Israel hits Gaza targets after rocket attacks: army

Published January 3, 2022
A picture showing an explosion caused by an air strike on a target in the town of Khan Yunis.—AP
A picture showing an explosion caused by an air strike on a target in the town of Khan Yunis.—AP

GAZA CITY: Israel targeted Hamas positions in southern Gaza late on Saturday after rockets were fired from the Palestinian enclave, security sources and the army said.

“Fighter jets, helicopters and tanks struck a rocket manufacturing site, and military posts belonging to the Hamas terror organisation,” Israel’s army said.

Palestinian sources said the army had targeted “a site of the al-Qassam Brigades, west of Khan Yunis” in southern Gaza, referring to the military wing of Hamas, the movement controlling the territory.

The sources also reported Israeli artillery fire on a Hamas observation base in northern Gaza.

Hamas condemned the Israeli strike, with a spokesman vowing “to defend our Palestinian people and liberate our land and our holy sites from the occupation and its colonial settlers until achieving the inevitable triumph”.

The Israeli strike came after two rockets were fired from the Gaza Strip on Saturday morning, falling into the Mediterranean Sea off Tel Aviv.

No warning sirens sounded and Israel’s Iron Dome rocket interception system did not deploy, the army said in a statement.

Sources in Hamas said that “the firing of the two rockets on Saturday morning was a technical problem due to the bad weather”.

Israeli Prime Minister Naftali Bennett addressed the Hamas explanation on Sunday morning.

“All of Hamas’s stories about lightning and thunder, that repeat themselves winter after winter, are no longer relevant,” he said at the beginning of the weekly cabinet meeting.

“Whoever aims missiles at the State of Israel will bear the consequences.” Israel has maintained a blockade on the impoverished enclave since 2007, the year Hamas took power.

Last year Hamas fired barrages of rockets towards Israel during an 11-day conflict sparked by tensions in Jerusalem.

A fragile ceasefire came into force in late May.

Since then, only five rockets or mortar rounds were fired from Gaza towards Israeli territory, the military had said in an annual report released at the end of December, before the latest launches.

According to some analysts, it was not clear whether the rockets were meant to hit Israel, but Gaza-based militant groups often test-fire missiles toward the sea.

There were no reports of casualties from Saturday’s rocket launches.

Apart from the single incident in September, there has been no cross-border rocket fire since a ceasefire ended the 11-day war between Israel and Hamas in May. The ceasefire, brokered by Egypt and other mediators, has been fragile.

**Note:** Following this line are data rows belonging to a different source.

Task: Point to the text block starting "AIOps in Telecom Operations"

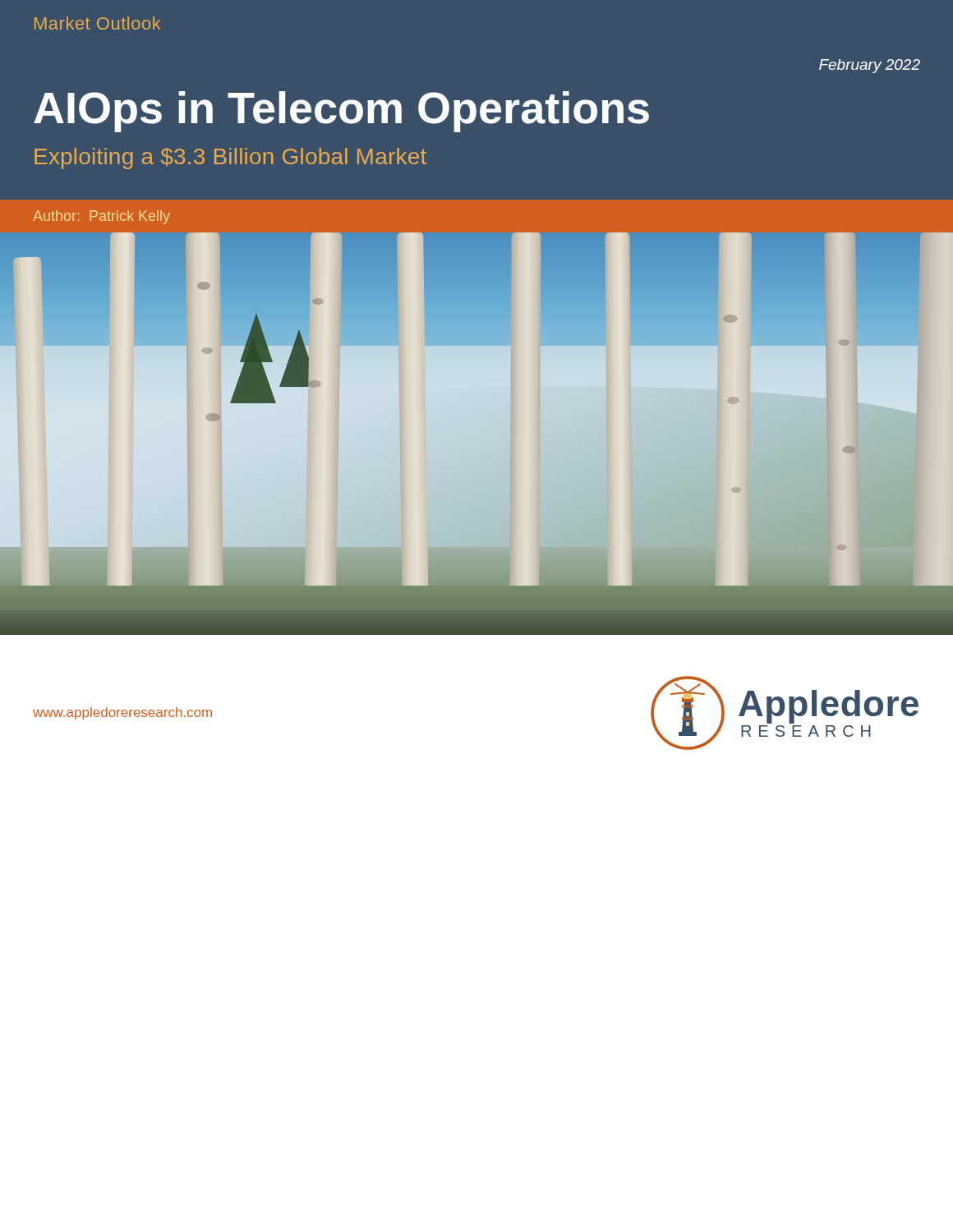Action: (342, 108)
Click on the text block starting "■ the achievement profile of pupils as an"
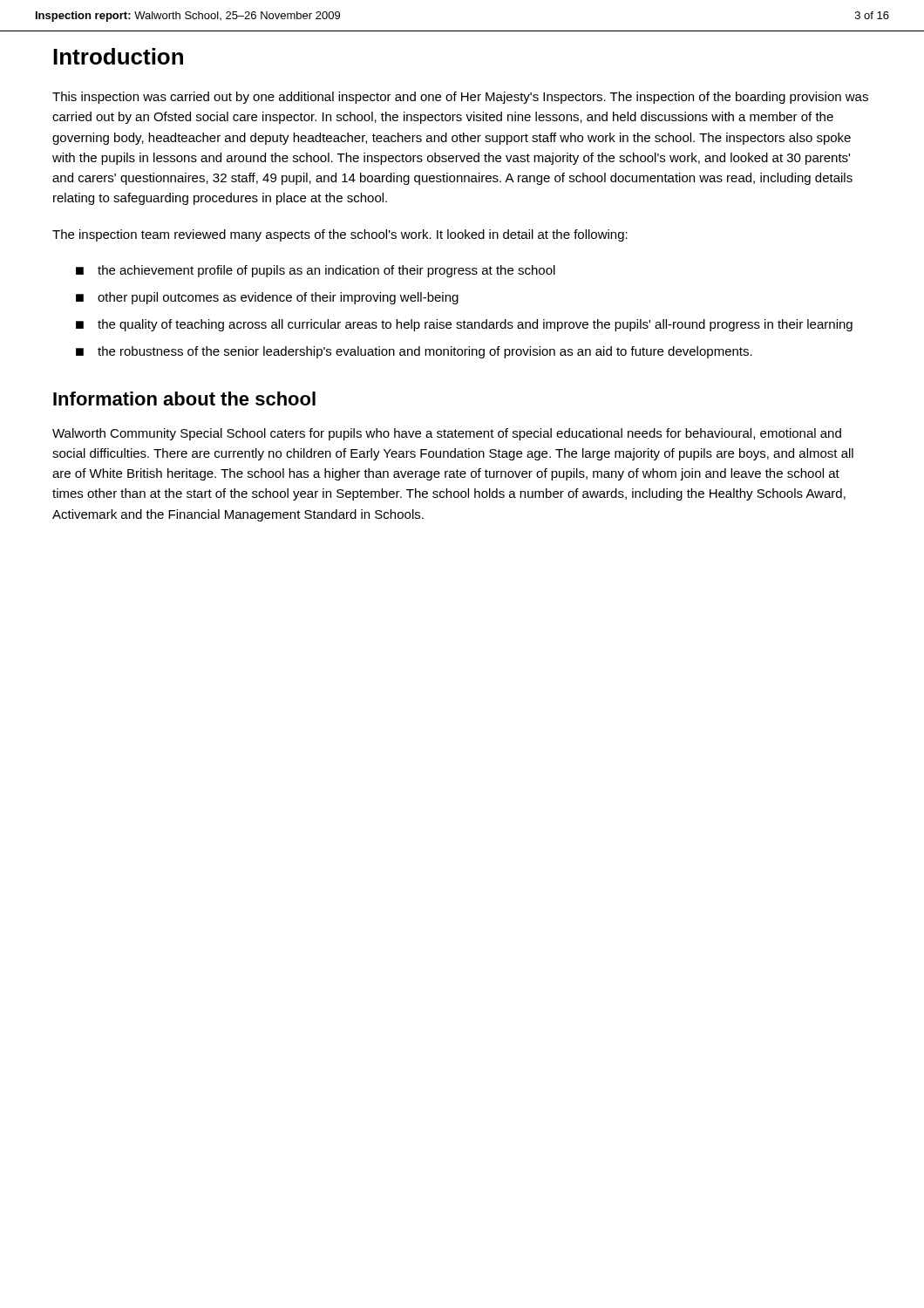 click(x=473, y=271)
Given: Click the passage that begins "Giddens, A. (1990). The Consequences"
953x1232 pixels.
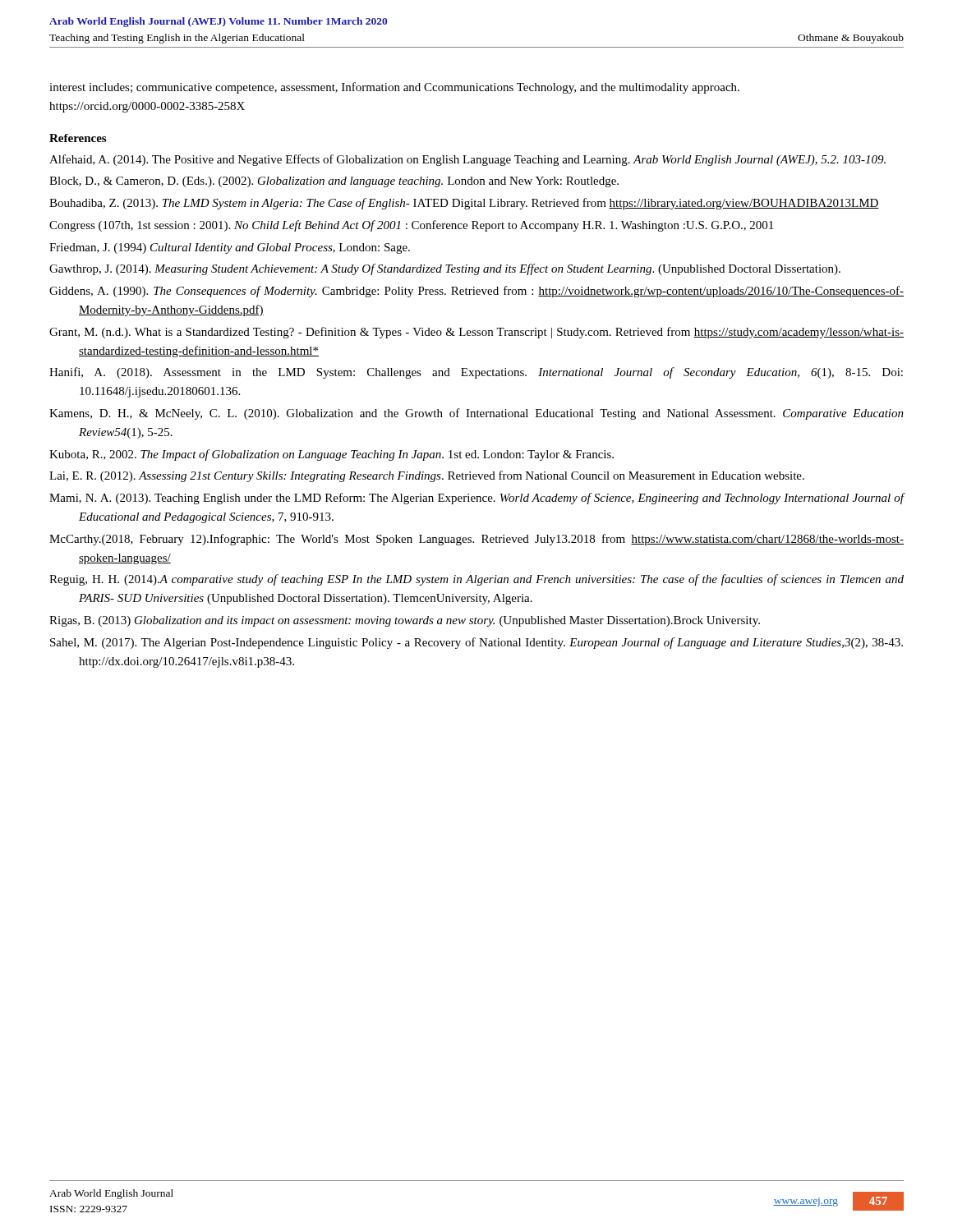Looking at the screenshot, I should tap(476, 300).
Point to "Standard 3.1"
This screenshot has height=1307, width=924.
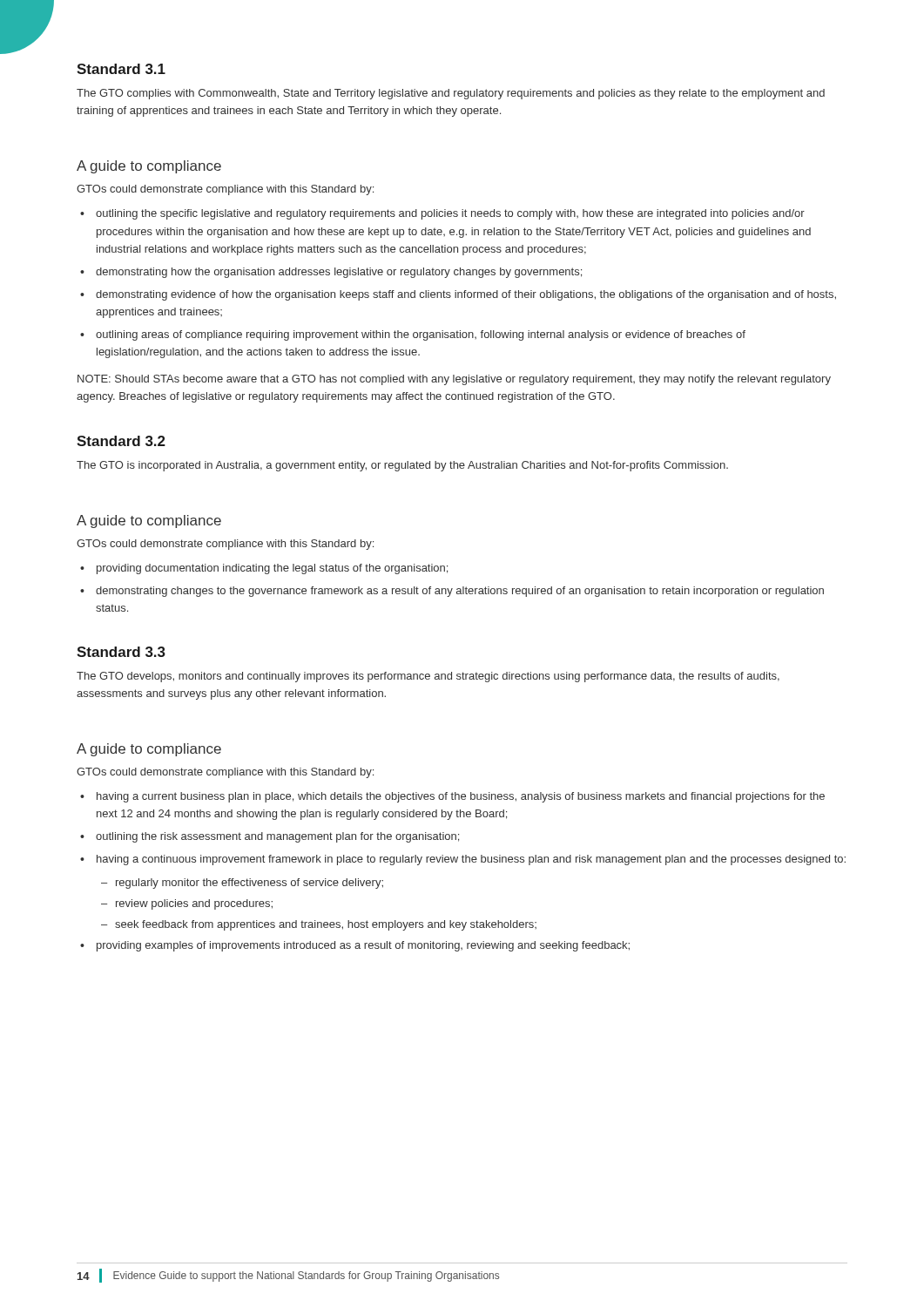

Hamas says Israel did not take serious steps to ease the blockade it imposed on Gaza with Egypt’s help when the Islamic movement seized control of the coastal enclave in 2007.

Tension are also high as other groups like the smaller Islamic Jihad threaten military escalation if Israel doesn’t end the administrative detention of a Palestinian prisoner who has been on a hunger strike for over 130 days.